▽

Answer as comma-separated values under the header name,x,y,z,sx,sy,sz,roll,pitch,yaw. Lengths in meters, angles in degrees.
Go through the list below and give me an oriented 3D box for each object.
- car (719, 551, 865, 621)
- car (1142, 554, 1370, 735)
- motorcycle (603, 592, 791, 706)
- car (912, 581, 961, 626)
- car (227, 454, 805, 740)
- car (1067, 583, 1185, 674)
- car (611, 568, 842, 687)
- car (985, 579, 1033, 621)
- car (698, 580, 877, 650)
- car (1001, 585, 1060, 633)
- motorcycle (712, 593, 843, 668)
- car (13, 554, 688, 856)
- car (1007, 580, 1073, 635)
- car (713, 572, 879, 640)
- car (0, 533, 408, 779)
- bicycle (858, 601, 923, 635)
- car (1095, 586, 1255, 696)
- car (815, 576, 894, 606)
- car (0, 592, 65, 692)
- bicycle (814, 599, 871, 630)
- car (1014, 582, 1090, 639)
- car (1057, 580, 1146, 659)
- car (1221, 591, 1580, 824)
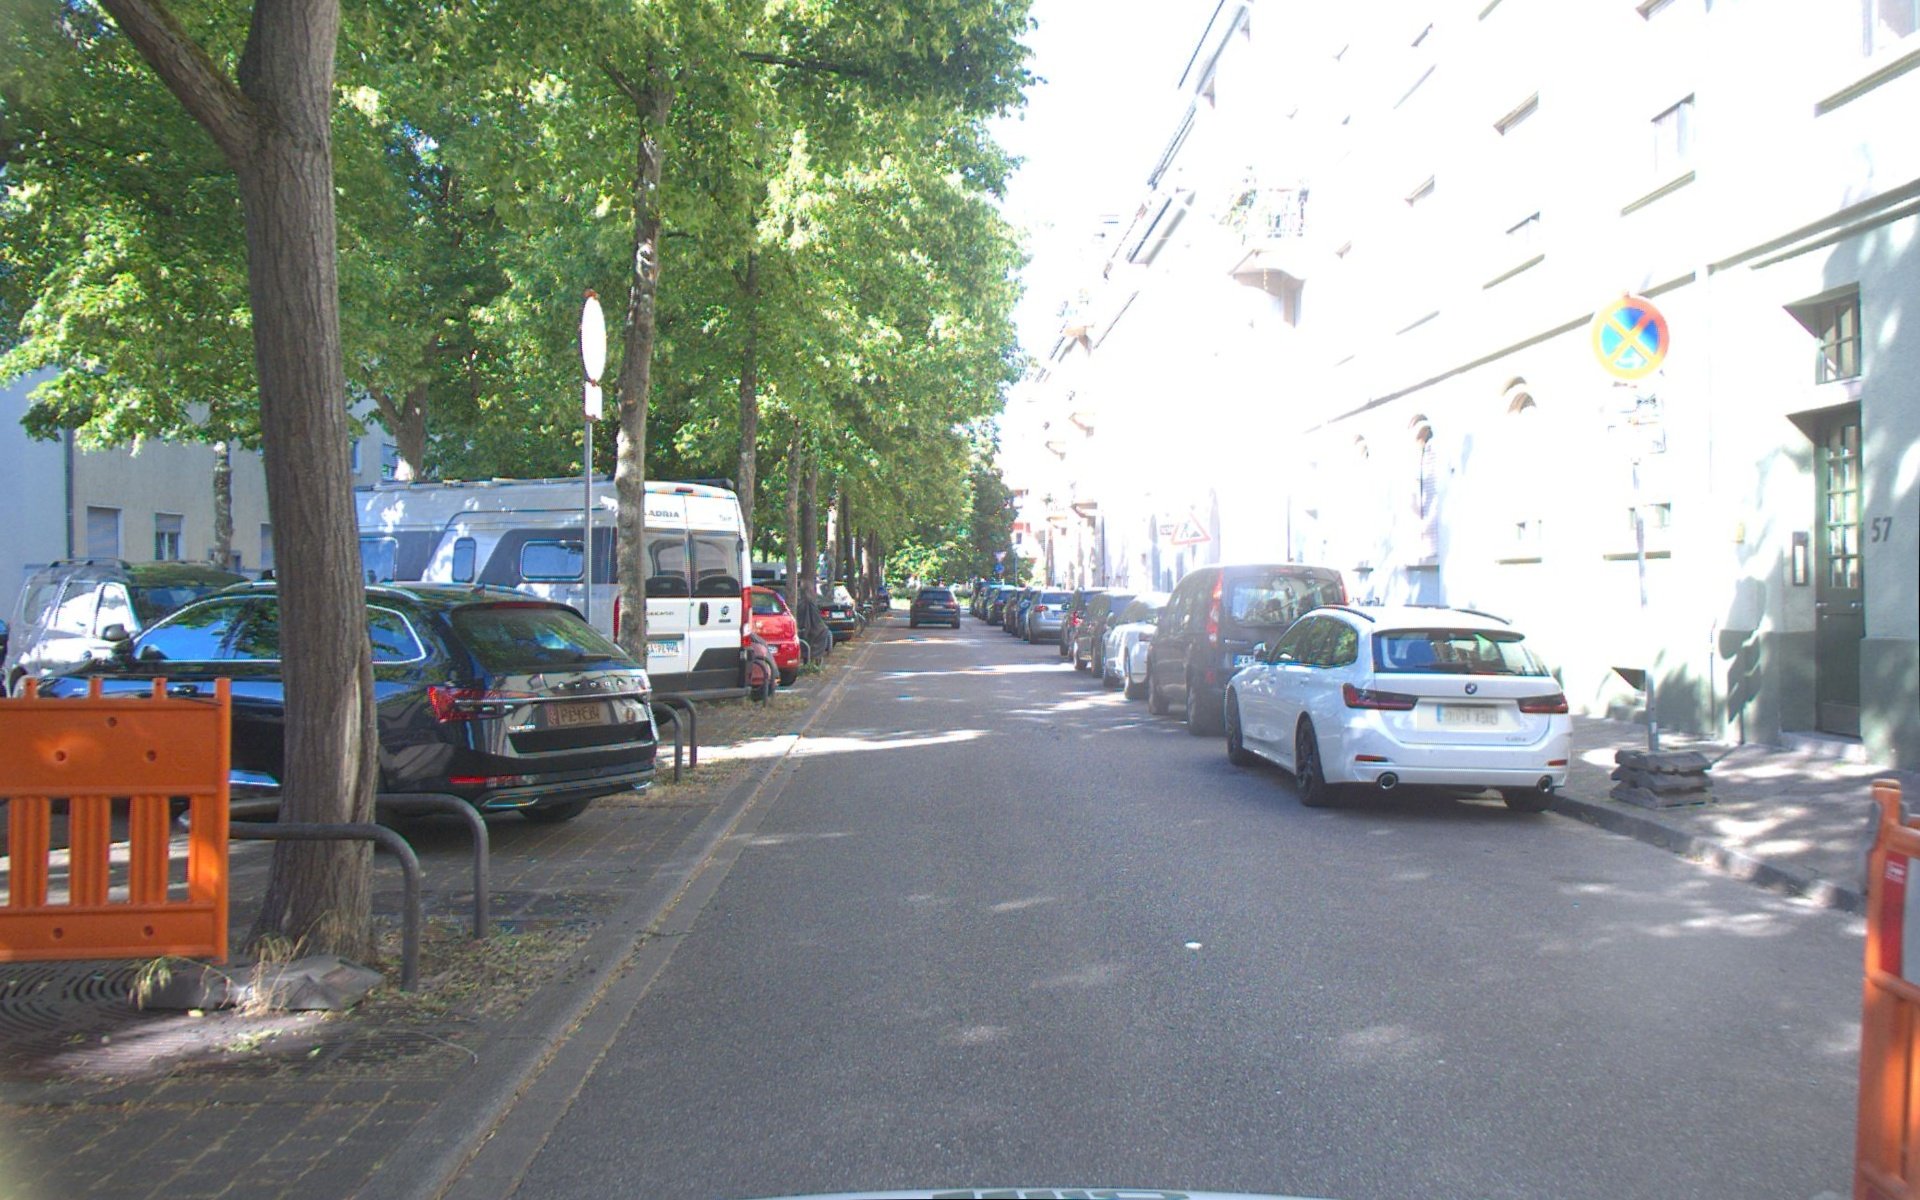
name,x,y,z,sx,sy,sz,roll,pitch,yaw
car,-7.556,-0.584,74.461,5.936,2.668,2.457,-4,-2,14
car,3.259,0.437,18.960,1.736,1.825,3.988,-1,0,-2
motorcycle,-3.326,0.599,20.947,2.277,1.358,0.966,-1,0,-11
car,-0.830,0.102,59.766,1.679,1.509,4.144,-1,1,0
car,-4.843,-0.047,17.661,6.191,2.603,2.333,1,0,31
car,2.946,0.471,29.982,1.567,1.518,3.965,-1,0,-2
car,-3.596,0.384,25.009,1.649,1.646,3.822,-2,1,-41
car,1.909,-0.019,65.416,1.768,1.591,4.320,-1,1,0
car,-3.951,0.350,37.755,3.937,1.499,1.621,-1,1,34
car,2.299,0.273,54.654,1.658,1.493,4.004,1,0,-1
motorcycle,-3.143,0.512,28.613,2.101,1.251,0.882,0,0,7
car,-3.820,0.594,10.255,4.009,1.552,1.699,-1,-3,29
car,2.392,0.187,50.275,1.731,1.579,4.183,-1,0,-1
car,-4.373,0.144,44.047,3.996,1.682,1.861,1,0,26
car,-7.109,0.433,15.261,4.306,1.948,1.988,0,0,42
bicycle,-2.001,0.508,47.792,1.858,0.935,0.379,1,0,18
car,3.058,0.531,24.377,1.574,1.445,4.566,-1,0,-2
car,-5.666,-0.490,88.423,4.015,1.492,1.862,1,-1,-10
car,-15.071,0.663,24.352,1.715,1.461,4.079,-2,1,-4
bicycle,-3.802,0.470,53.385,1.772,1.011,0.426,0,0,14
car,2.476,0.250,45.391,1.734,1.456,4.290,-1,0,-1
car,2.979,0.377,35.380,1.548,1.578,4.041,0,0,0
car,3.327,0.717,13.358,1.670,1.538,4.283,-1,0,-1

△

Instructions to follow.
Output the records above exactly, leaving out pictures.

Solved exercise.
Answer as comma-separated values under the header name,x,y,z,sx,sy,sz,roll,pitch,yaw. Lengths in meters, angles in degrees.
Go through the list below and give me an oriented 3D box for each object.
- car (719, 551, 865, 621)
- car (1142, 554, 1370, 735)
- motorcycle (603, 592, 791, 706)
- car (912, 581, 961, 626)
- car (227, 454, 805, 740)
- car (1067, 583, 1185, 674)
- car (611, 568, 842, 687)
- car (985, 579, 1033, 621)
- car (698, 580, 877, 650)
- car (1001, 585, 1060, 633)
- motorcycle (712, 593, 843, 668)
- car (13, 554, 688, 856)
- car (1007, 580, 1073, 635)
- car (713, 572, 879, 640)
- car (0, 533, 408, 779)
- bicycle (858, 601, 923, 635)
- car (1095, 586, 1255, 696)
- car (815, 576, 894, 606)
- car (0, 592, 65, 692)
- bicycle (814, 599, 871, 630)
- car (1014, 582, 1090, 639)
- car (1057, 580, 1146, 659)
- car (1221, 591, 1580, 824)
name,x,y,z,sx,sy,sz,roll,pitch,yaw
car,-7.556,-0.584,74.461,5.936,2.668,2.457,-4,-2,14
car,3.259,0.437,18.960,1.736,1.825,3.988,-1,0,-2
motorcycle,-3.326,0.599,20.947,2.277,1.358,0.966,-1,0,-11
car,-0.830,0.102,59.766,1.679,1.509,4.144,-1,1,0
car,-4.843,-0.047,17.661,6.191,2.603,2.333,1,0,31
car,2.946,0.471,29.982,1.567,1.518,3.965,-1,0,-2
car,-3.596,0.384,25.009,1.649,1.646,3.822,-2,1,-41
car,1.909,-0.019,65.416,1.768,1.591,4.320,-1,1,0
car,-3.951,0.350,37.755,3.937,1.499,1.621,-1,1,34
car,2.299,0.273,54.654,1.658,1.493,4.004,1,0,-1
motorcycle,-3.143,0.512,28.613,2.101,1.251,0.882,0,0,7
car,-3.820,0.594,10.255,4.009,1.552,1.699,-1,-3,29
car,2.392,0.187,50.275,1.731,1.579,4.183,-1,0,-1
car,-4.373,0.144,44.047,3.996,1.682,1.861,1,0,26
car,-7.109,0.433,15.261,4.306,1.948,1.988,0,0,42
bicycle,-2.001,0.508,47.792,1.858,0.935,0.379,1,0,18
car,3.058,0.531,24.377,1.574,1.445,4.566,-1,0,-2
car,-5.666,-0.490,88.423,4.015,1.492,1.862,1,-1,-10
car,-15.071,0.663,24.352,1.715,1.461,4.079,-2,1,-4
bicycle,-3.802,0.470,53.385,1.772,1.011,0.426,0,0,14
car,2.476,0.250,45.391,1.734,1.456,4.290,-1,0,-1
car,2.979,0.377,35.380,1.548,1.578,4.041,0,0,0
car,3.327,0.717,13.358,1.670,1.538,4.283,-1,0,-1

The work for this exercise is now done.